━━━━━ DATA PROVIDED

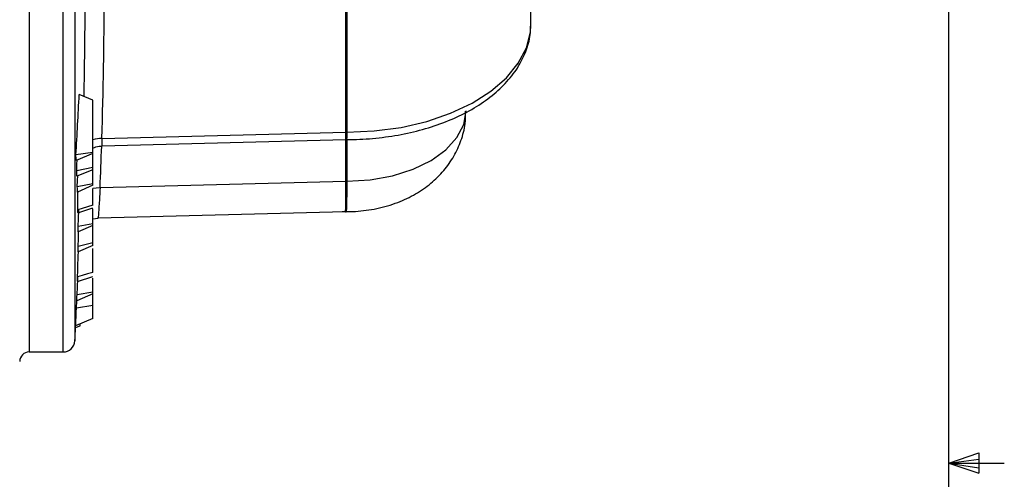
# Model space of a CAD drawing. Header units: inches. Extents: x 0.4 to 16.6, y 0.2 to 10.8.
# Tile 13 of 15: x 14.3 to 16.5, y 5.5 to 6.5. Entities that reach past the tile are written whole.
import ezdxf

# ---------------------------------------------------------------- set-up
doc = ezdxf.new("R2010")
doc.units = ezdxf.units.IN
doc.header["$MEASUREMENT"] = 0
doc.layers.add('BORDER', color=7, linetype='Continuous', lineweight=25)

msp = doc.modelspace()

# ---------------------------------------------------------------- linework, layer by layer
at = {"color": 8, "linetype": 'Continuous', "lineweight": 25}
for p, q in [((14.3003, 8.0442), (14.3003, 5.7642)), ((14.3768, 5.7642), (14.3768, 7.1945)), ((14.4034, 7.1881), (14.4034, 5.7895)), ((15.0153, 6.2601), (15.0153, 6.6224)), ((15.0172, 6.6224), (15.0172, 6.2601)), ((15.0153, 6.1496), (15.0153, 6.2437)), ((15.0171, 6.2438), (15.0171, 6.1496))]:
    msp.add_line(p, q, dxfattribs=at)
at = {"color": 7, "linetype": 'Continuous', "lineweight": 25}
for p, q in [((15.4329, 6.5053), (15.4329, 7.1094)), ((15.4328, 6.5003), (15.4329, 6.5053)), ((14.4443, 6.3326), (14.4132, 6.3452)), ((14.4443, 6.2147), (14.4443, 6.3326)), ((14.4645, 6.246), (15.0153, 6.2601)), ((14.4644, 6.2295), (15.0153, 6.2437)), ((15.0154, 6.243), (15.0165, 6.2432)), ((14.4443, 6.2147), (14.4059, 6.2094)), ((14.4443, 6.2119), (14.4066, 6.1965)), ((14.4443, 6.2119), (14.4443, 6.2147)), ((14.4443, 6.1803), (14.4443, 6.2119)), ((14.4443, 6.1803), (14.4077, 6.1728)), ((14.4443, 6.1779), (14.4443, 6.1803)), ((14.4443, 6.1754), (14.4081, 6.1613)), ((14.4443, 6.1779), (14.4437, 6.1777)), ((14.4443, 6.1777), (14.4437, 6.1777)), ((14.4443, 6.1777), (14.4443, 6.1779)), ((14.4443, 6.1754), (14.4443, 6.1777)), ((14.4443, 6.1438), (14.4443, 6.1754)), ((14.4443, 6.1438), (14.409, 6.1372)), ((14.4443, 6.141), (14.4094, 6.1252)), ((14.4443, 6.141), (14.4443, 6.1438)), ((14.4604, 6.1354), (15.0153, 6.1496)), ((14.4098, 6.0785), (14.4443, 6.0896)), ((14.4443, 6.0531), (14.4443, 6.0872)), ((14.4559, 6.0667), (15.0143, 6.081)), ((15.0145, 6.0806), (15.0157, 6.0807)), ((14.4443, 6.0531), (14.4107, 6.0476)), ((14.4443, 6.0497), (14.4108, 6.0353)), ((14.4443, 6.0647), (14.4561, 6.0662)), ((14.4443, 6.0497), (14.4443, 6.0531)), ((14.4443, 6.0102), (14.4443, 6.0497)), ((14.4443, 6.0048), (14.4106, 5.9904)), ((14.4443, 6.0102), (14.4107, 6.0026)), ((14.4443, 6.0048), (14.4443, 6.0102)), ((14.4091, 5.9232), (14.4443, 5.9347)), ((14.4443, 5.8988), (14.4443, 5.9308)), ((14.4443, 5.8955), (14.4078, 5.8798)), ((14.4443, 5.8988), (14.4083, 5.8929)), ((14.4443, 5.8955), (14.4443, 5.8988)), ((14.4443, 5.8691), (14.4443, 5.8955)), ((14.4071, 5.8629), (14.4079, 5.8799)), ((14.4443, 5.8691), (14.4071, 5.8629)), ((14.4443, 5.8396), (14.4443, 5.8691)), ((14.405, 5.8195), (14.4156, 5.8235)), ((14.4443, 5.8396), (14.4051, 5.8228)), ((14.4156, 5.8235), (14.4156, 5.8273)), ((14.3003, 5.7642), (14.3768, 5.7642))]:
    msp.add_line(p, q, dxfattribs=at)
at = {"color": 8, "linetype": 'Continuous', "lineweight": 25, "flags": 128}
for points in [[(15.0172, 6.2601), (15.0792, 6.263), (15.1398, 6.2712), (15.1976, 6.2846), (15.2514, 6.3029), (15.3, 6.3258), (15.3423, 6.3526), (15.3773, 6.3829), (15.4042, 6.4158), (15.4225, 6.4508), (15.4318, 6.487), (15.4328, 6.5003)], [(15.0171, 6.1496), (15.0697, 6.1528), (15.1203, 6.1619), (15.1669, 6.1766), (15.2076, 6.1964), (15.2411, 6.2205), (15.2659, 6.248), (15.2812, 6.2778), (15.2863, 6.3085)], [(14.4443, 6.1336), (14.4519, 6.1349), (14.4604, 6.1354)]]:
    msp.add_lwpolyline(points, dxfattribs=at)
at = {"color": 7, "linetype": 'Continuous', "lineweight": 25, "flags": 128}
for points in [[(14.4077, 6.1728), (14.4082, 6.1878), (14.4085, 6.1973)], [(14.409, 6.1372), (14.4096, 6.1514), (14.4101, 6.1621)], [(14.4443, 6.0953), (14.432, 6.0916), (14.4198, 6.088), (14.41, 6.0851)], [(14.4107, 6.0476), (14.4116, 6.0657), (14.4125, 6.0839), (14.4126, 6.0858)], [(14.4107, 6.0026), (14.4114, 6.0203), (14.412, 6.0358)], [(14.4083, 5.8929), (14.4092, 5.9112), (14.4101, 5.9296), (14.4103, 5.9336)], [(14.4443, 5.9437), (14.4323, 5.9402), (14.4203, 5.9366), (14.4095, 5.9335)]]:
    msp.add_lwpolyline(points, dxfattribs=at)
at = {"color": 8, "linetype": 'Continuous', "lineweight": 25}
for centre, radius, start, end in [((0.3423, 6.6452), 14.1279, 358.38069, 359.68912), ((14.4645, 6.1765), 0.0695, 90.0185, 106.9609), ((0.3058, 6.7325), 14.1672, 357.58426, 357.96242)]:
    msp.add_arc(centre, radius, start, end, dxfattribs=at)
at = {"color": 7, "linetype": 'Continuous', "lineweight": 25}
for centre, radius, start, end in [((0.3344, 6.6191), 14.0925, 358.86833, 359.71128), ((0.2827, 7.0429), 14.1478, 356.62289, 357.17337), ((15.0173, 6.1831), 0.077, 90.0739, 91.471), ((11.0647, 6.0291), 3.346, 2.8678, 3.089), ((11.022, 6.0279), 3.3887, 2.2572, 2.4521), ((10.9978, 6.0268), 3.413, 1.6509, 1.8532), ((15.0173, 6.0726), 0.077, 90.1097, 91.471), ((10.9236, 6.0255), 3.4872, 0.1613, 0.3624), ((10.878, 6.0257), 3.5328, 359.4265, 359.6242), ((10.7706, 6.0284), 3.6402, 357.6603, 357.8656), ((-7.1223, 6.9042), 21.5546, 357.03558, 357.19742), ((10.7503, 6.0293), 3.6605, 357.1974, 357.3956), ((14.3768, 5.7909), 0.0267, 270, 357.0356), ((14.3003, 5.7429), 0.0213, 90, 180)]:
    msp.add_arc(centre, radius, start, end, dxfattribs=at)
for points, knots in [([(15.0165, 6.2438), (15.024, 6.2438), (15.051, 6.2439), (15.0975, 6.2478), (15.1545, 6.2572), (15.2088, 6.2717), (15.2595, 6.2908), (15.3056, 6.3144), (15.3461, 6.3423), (15.3799, 6.374), (15.4063, 6.409), (15.4238, 6.4463), (15.4323, 6.477), (15.4319, 6.4947), (15.4318, 6.4995)], [0, 0, 0, 0, 0.035614, 0.128584, 0.221721, 0.315078, 0.408762, 0.502848, 0.597326, 0.691882, 0.78572, 0.877765, 0.967252, 1, 1, 1, 1]), ([(15.007, 6.0811), (15.0169, 6.0811), (15.043, 6.0811), (15.0857, 6.087), (15.1314, 6.1002), (15.1725, 6.1197), (15.2074, 6.1439), (15.2366, 6.1726), (15.2597, 6.2053), (15.2759, 6.2411), (15.2852, 6.2758), (15.2853, 6.2983), (15.2853, 6.3079)], [0, 0, 0, 0, 0.072273, 0.19088, 0.313495, 0.424207, 0.530743, 0.633229, 0.732971, 0.831141, 0.928563, 1, 1, 1, 1]), ([(14.4443, 6.224), (14.4487, 6.2262), (14.4552, 6.2294), (14.4622, 6.2289), (14.4644, 6.2288)], [0, 0, 0, 0, 0.692243, 1, 1, 1, 1]), ([(14.41, 6.0851), (14.41, 6.0897), (14.4099, 6.0974), (14.4102, 6.1134), (14.4105, 6.1226), (14.4106, 6.1257)], [0, 0, 0, 0, 0.497052, 0.826135, 1, 1, 1, 1]), ([(14.4443, 6.0953), (14.4443, 6.0985), (14.4443, 6.1041), (14.4443, 6.1167), (14.4443, 6.1264), (14.4443, 6.1317), (14.4443, 6.1333)], [0, 0, 0, 0, 0.390818, 0.690908, 0.908486, 1, 1, 1, 1]), ([(14.4105, 6.079), (14.4103, 6.0793), (14.4101, 6.0798), (14.4101, 6.0834), (14.41, 6.0851)], [0, 0, 0, 0, 0.5371, 1, 1, 1, 1]), ([(14.4095, 5.9335), (14.4097, 5.9396), (14.41, 5.9505), (14.4107, 5.9724), (14.4113, 5.9863), (14.4115, 5.9907)], [0, 0, 0, 0, 0.4691355, 0.8322844, 1, 1, 1, 1]), ([(14.4443, 5.9437), (14.4443, 5.9504), (14.4443, 5.9613), (14.4443, 5.9829), (14.4443, 5.9944), (14.4443, 5.9976)], [0, 0, 0, 0, 0.534336, 0.872035, 1, 1, 1, 1]), ([(14.4094, 5.9242), (14.4094, 5.924), (14.4093, 5.9231), (14.4094, 5.9282), (14.4095, 5.9329), (14.4095, 5.9335)], [0, 0, 0, 0, 0.215758, 0.8984729, 1, 1, 1, 1])]:
    msp.add_open_spline(points, degree=3, knots=knots, dxfattribs=at)
at = {"color": 8, "linetype": 'Continuous', "lineweight": 25}
for points, knots in [([(14.4645, 6.246), (14.4644, 6.2437), (14.4641, 6.2379), (14.464, 6.232), (14.4641, 6.229), (14.4644, 6.2297), (14.4644, 6.2298)], [0, 0, 0, 0, 0.2357719, 0.5940901, 0.95347, 1, 1, 1, 1]), ([(15.0153, 6.244), (15.0153, 6.2439), (15.0153, 6.2434), (15.0153, 6.2453), (15.0153, 6.2488), (15.0153, 6.2542), (15.0153, 6.2577), (15.0153, 6.2601)], [0, 0, 0, 0, 0.065365, 0.283208, 0.640995, 0.748516, 1, 1, 1, 1]), ([(15.0172, 6.2601), (15.0172, 6.2577), (15.0172, 6.2542), (15.017, 6.2488), (15.0169, 6.2453), (15.0166, 6.2434), (15.0165, 6.2439), (15.0165, 6.244)], [0, 0, 0, 0, 0.251765, 0.359404, 0.717578, 0.935649, 1, 1, 1, 1]), ([(14.4604, 6.1354), (14.4599, 6.1258), (14.4585, 6.1018), (14.457, 6.077), (14.456, 6.0644), (14.4559, 6.0674), (14.4559, 6.0678)], [0, 0, 0, 0, 0.2367824, 0.5944579, 0.952483, 1, 1, 1, 1]), ([(15.0142, 6.0826), (15.0144, 6.0831), (15.0147, 6.0844), (15.0152, 6.1078), (15.0153, 6.1357), (15.0153, 6.1496)], [0, 0, 0, 0, 0.283813, 0.641906, 1, 1, 1, 1]), ([(15.0171, 6.1496), (15.0171, 6.1357), (15.017, 6.1078), (15.0163, 6.0844), (15.0157, 6.0831), (15.0155, 6.0826)], [0, 0, 0, 0, 0.357873, 0.715745, 1, 1, 1, 1])]:
    msp.add_open_spline(points, degree=3, knots=knots, dxfattribs=at)
at = {"layer": 'BORDER'}
for p, q in [((16.3763, 0.3921), (16.3763, 10.6421)), ((16.3763, 5.5128), (16.4434, 5.5368)), ((16.4434, 5.5368), (16.4434, 5.4902)), ((16.3763, 5.5128), (16.4434, 5.5218)), ((16.3763, 5.5128), (16.5013, 5.5128)), ((16.3763, 5.5128), (16.4434, 5.4902)), ((16.3763, 5.5128), (16.4434, 5.5025))]:
    msp.add_line(p, q, dxfattribs=at)

doc.saveas('drawing.dxf')

━━━━━━━━━━

Copy all lines above containing the string "BORDER".

▸ RESULT OF THIS EXERCISE
doc.layers.add('BORDER', color=7, linetype='Continuous', lineweight=25)
at = {"layer": 'BORDER'}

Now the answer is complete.